Yet for as much as I successfully contorted myself from a philosophical perspective to reconcile with the language of A.A.’s literature, A.A.’s biggest problem isn’t found there, but in its members. I don’t want to come off like I’m throwing shade or scapegoating though, so allow me to explain… One of the best parts about A.A., at least from an organizational perspective, is that no one person can speak for either Alcoholics Anonymous or the 12 Steps. A.A.’s traditions do a really good job of effectively outlining this principle in noting that A.A. groups shouldn’t use A.A.’s name for anything but the group itself, that A.A. as a group doesn’t claim to have an opinion on anything but itself, and that if you’re going to publicly speak on behalf of A.A., that doing so should be done anonymously. The downside of no one specifically being able to speak for A.A. is that such a degree of ambiguity allows room for anyone and everyone willing to stray from this suggestion to then speak for A.A. and the 12 Steps. Think about the curious case of step work I just outlined. There is no definitive way to work the 12 Steps of Alcoholics Anonymous, but instead it works as a creative game of telephone, interpreted and passed down from one person to the next, often without significant oversight as to what’s happening. I’ve heard horror stories about this kind of thing, where sponsees have been misguided, manipulated, and even abused, in large part due to the power imbalance between those newly sober and their sponsors, and the room for interpretation provided to sponsors by way of A.A.’s open-ended language.

While I didn’t connect with a sponsor who I particularly aligned with in the Flying Monkey Ninja God phase of my recovery journey, when I got sober in 2015 I was introduced to a very special person who became my sponsor. I love this guy to this day and consider his family an extension of my own. He walked me through the 12 Steps, and did so with a tremendous amount of love, care, and compassion. I couldn’t have asked for a better mentor through that process, and parallel to our relationship developing I also connected with a group of men who were sound in their sobriety and provided a support network unlike any I’d ever had before. I do recognize, however, that to find a set of circumstances as I did is a rare event, and the luck I had in stumbling onto such genuine and fitting support is hardly guaranteed for anyone else seeking recovery in A.A.

Looking back though, my first couple years weren’t purely rainbows and unicorns in terms of my renewed dedication to sobriety.

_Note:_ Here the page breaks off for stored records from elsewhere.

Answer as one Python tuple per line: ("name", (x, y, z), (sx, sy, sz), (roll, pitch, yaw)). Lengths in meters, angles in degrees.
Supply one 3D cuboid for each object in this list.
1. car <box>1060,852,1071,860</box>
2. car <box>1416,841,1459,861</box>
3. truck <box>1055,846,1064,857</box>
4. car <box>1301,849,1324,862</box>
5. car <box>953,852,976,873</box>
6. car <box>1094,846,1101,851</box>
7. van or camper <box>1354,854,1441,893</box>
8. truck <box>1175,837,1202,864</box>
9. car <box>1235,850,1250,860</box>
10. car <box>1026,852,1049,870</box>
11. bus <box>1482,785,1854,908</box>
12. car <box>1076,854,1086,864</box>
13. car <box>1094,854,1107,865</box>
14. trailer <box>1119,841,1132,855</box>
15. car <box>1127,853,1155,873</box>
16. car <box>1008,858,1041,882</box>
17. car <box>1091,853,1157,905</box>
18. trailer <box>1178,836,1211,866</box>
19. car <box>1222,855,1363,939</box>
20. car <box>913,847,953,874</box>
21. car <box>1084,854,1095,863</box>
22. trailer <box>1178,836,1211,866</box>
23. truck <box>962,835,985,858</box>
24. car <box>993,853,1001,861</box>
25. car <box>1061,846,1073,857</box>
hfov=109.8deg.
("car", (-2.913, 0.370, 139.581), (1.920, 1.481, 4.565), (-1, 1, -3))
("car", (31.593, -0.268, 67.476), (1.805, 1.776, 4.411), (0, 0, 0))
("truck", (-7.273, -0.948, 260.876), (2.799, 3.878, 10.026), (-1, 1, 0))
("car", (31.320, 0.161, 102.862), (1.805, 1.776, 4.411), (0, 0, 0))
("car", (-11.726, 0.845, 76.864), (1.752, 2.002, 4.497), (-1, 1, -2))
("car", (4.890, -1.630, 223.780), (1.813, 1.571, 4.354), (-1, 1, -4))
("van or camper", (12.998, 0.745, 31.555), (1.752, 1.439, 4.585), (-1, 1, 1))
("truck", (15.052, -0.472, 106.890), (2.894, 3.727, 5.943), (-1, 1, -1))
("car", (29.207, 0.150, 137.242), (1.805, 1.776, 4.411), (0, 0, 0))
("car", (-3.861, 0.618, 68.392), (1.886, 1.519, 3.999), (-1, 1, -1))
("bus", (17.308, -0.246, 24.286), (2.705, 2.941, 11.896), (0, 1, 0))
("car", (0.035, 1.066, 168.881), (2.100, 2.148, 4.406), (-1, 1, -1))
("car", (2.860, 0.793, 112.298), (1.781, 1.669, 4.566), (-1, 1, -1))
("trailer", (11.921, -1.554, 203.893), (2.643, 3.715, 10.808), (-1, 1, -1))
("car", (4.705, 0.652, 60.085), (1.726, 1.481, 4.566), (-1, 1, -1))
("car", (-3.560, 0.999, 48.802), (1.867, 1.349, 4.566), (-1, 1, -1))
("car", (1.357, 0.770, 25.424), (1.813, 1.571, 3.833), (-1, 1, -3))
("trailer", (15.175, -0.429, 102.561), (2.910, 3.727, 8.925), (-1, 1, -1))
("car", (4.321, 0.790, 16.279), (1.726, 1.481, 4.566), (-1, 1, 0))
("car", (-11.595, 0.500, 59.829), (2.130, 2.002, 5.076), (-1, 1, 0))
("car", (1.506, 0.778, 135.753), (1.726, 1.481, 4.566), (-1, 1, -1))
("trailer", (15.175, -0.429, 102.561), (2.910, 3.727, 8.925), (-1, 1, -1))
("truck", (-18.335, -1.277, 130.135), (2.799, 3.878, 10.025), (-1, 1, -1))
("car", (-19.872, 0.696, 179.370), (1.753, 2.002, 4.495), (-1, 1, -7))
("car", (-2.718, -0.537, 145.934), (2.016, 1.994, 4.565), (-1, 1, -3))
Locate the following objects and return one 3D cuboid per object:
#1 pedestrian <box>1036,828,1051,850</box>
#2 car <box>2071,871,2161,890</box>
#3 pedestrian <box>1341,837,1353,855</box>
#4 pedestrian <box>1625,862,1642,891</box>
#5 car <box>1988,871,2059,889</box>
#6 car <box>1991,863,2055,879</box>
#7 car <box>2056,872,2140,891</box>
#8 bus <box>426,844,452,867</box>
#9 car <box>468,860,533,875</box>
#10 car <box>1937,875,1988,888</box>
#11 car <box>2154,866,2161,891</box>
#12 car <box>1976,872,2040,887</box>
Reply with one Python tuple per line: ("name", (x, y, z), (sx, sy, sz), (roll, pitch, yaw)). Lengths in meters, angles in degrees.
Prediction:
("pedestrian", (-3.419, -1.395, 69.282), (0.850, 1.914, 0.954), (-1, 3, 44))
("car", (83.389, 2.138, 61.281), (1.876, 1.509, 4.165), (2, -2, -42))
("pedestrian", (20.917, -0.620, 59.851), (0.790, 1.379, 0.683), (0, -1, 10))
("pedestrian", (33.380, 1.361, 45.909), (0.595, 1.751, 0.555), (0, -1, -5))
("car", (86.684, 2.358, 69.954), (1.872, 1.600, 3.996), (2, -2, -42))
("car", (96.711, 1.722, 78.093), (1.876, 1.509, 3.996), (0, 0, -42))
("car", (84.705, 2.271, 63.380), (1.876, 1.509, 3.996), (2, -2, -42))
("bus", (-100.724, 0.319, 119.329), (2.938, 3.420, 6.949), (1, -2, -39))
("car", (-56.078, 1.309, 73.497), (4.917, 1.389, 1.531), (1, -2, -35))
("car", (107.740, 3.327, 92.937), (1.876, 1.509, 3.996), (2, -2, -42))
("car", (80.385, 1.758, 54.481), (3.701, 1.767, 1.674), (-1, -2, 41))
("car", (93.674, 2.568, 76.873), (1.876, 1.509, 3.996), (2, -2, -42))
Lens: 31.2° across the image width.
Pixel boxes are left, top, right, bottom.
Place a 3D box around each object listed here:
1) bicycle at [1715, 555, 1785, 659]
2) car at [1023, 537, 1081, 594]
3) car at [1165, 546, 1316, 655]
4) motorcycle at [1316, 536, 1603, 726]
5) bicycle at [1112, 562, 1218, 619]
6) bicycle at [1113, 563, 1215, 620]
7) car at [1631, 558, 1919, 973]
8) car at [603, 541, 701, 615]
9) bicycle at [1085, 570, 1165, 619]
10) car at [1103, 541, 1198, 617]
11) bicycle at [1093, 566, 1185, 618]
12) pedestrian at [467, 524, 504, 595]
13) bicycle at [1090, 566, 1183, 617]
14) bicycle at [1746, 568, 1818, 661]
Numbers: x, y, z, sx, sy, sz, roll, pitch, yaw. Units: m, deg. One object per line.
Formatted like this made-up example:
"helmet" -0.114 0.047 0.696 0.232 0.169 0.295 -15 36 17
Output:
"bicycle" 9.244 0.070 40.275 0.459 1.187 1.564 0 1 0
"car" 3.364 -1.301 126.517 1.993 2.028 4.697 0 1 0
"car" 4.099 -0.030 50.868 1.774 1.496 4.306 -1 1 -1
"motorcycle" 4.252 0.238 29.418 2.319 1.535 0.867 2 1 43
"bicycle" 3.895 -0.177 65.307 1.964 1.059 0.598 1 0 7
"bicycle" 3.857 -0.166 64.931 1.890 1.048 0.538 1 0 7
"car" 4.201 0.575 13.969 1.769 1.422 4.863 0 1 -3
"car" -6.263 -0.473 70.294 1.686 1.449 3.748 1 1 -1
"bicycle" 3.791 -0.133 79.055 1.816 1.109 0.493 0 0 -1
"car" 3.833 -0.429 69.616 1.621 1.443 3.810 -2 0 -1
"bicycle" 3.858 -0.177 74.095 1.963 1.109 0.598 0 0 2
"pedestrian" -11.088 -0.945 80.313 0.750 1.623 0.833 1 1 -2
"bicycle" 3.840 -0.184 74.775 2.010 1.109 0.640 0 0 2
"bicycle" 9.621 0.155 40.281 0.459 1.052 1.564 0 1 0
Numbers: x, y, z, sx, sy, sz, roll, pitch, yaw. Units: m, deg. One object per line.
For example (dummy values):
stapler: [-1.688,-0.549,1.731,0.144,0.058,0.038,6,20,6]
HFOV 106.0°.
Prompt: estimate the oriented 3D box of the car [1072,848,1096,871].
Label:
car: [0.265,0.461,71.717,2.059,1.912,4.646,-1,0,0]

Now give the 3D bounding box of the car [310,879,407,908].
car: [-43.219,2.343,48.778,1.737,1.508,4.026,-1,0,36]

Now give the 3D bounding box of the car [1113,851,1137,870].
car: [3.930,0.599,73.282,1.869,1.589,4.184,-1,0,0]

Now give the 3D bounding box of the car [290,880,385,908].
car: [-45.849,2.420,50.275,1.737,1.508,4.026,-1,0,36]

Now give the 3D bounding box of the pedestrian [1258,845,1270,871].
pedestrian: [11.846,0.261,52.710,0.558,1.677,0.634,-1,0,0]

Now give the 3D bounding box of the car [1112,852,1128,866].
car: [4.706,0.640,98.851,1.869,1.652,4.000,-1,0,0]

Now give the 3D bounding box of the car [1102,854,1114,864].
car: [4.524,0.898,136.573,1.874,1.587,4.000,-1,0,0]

When I got sober I began keeping a journal and as part of this project I went back and read through everything I’d written from that moment through to the present (I’ll add, what a cringe-inducing exercise that was, by the way). As David Carr writes in “Me and My Girls,” “When memory is called to answer, it often answers back with deception,” and it was revealing to be reminded of how difficult a time I had as I moved out of my first year of sobriety and was introduced to the inner-mechanics of A.A.

I now look back on my time in A.A. as a broadly positive, life-enriching period. But in going back over those old journals, before my second year of sobriety was complete I’d written extensively to myself about how tired I was becoming of the whole process. The self-reflection fatigue of it all was draining; despite being free from the obsession over drinking, sitting in groups several times a week waxing on and on about a thing we’re supposedly no longer obsessed about began to wear on me. My recovery battery was also being drained by a newly found pressure to take on A.A.-based responsibilities under the pretense of giving back to the group by way of “service work.”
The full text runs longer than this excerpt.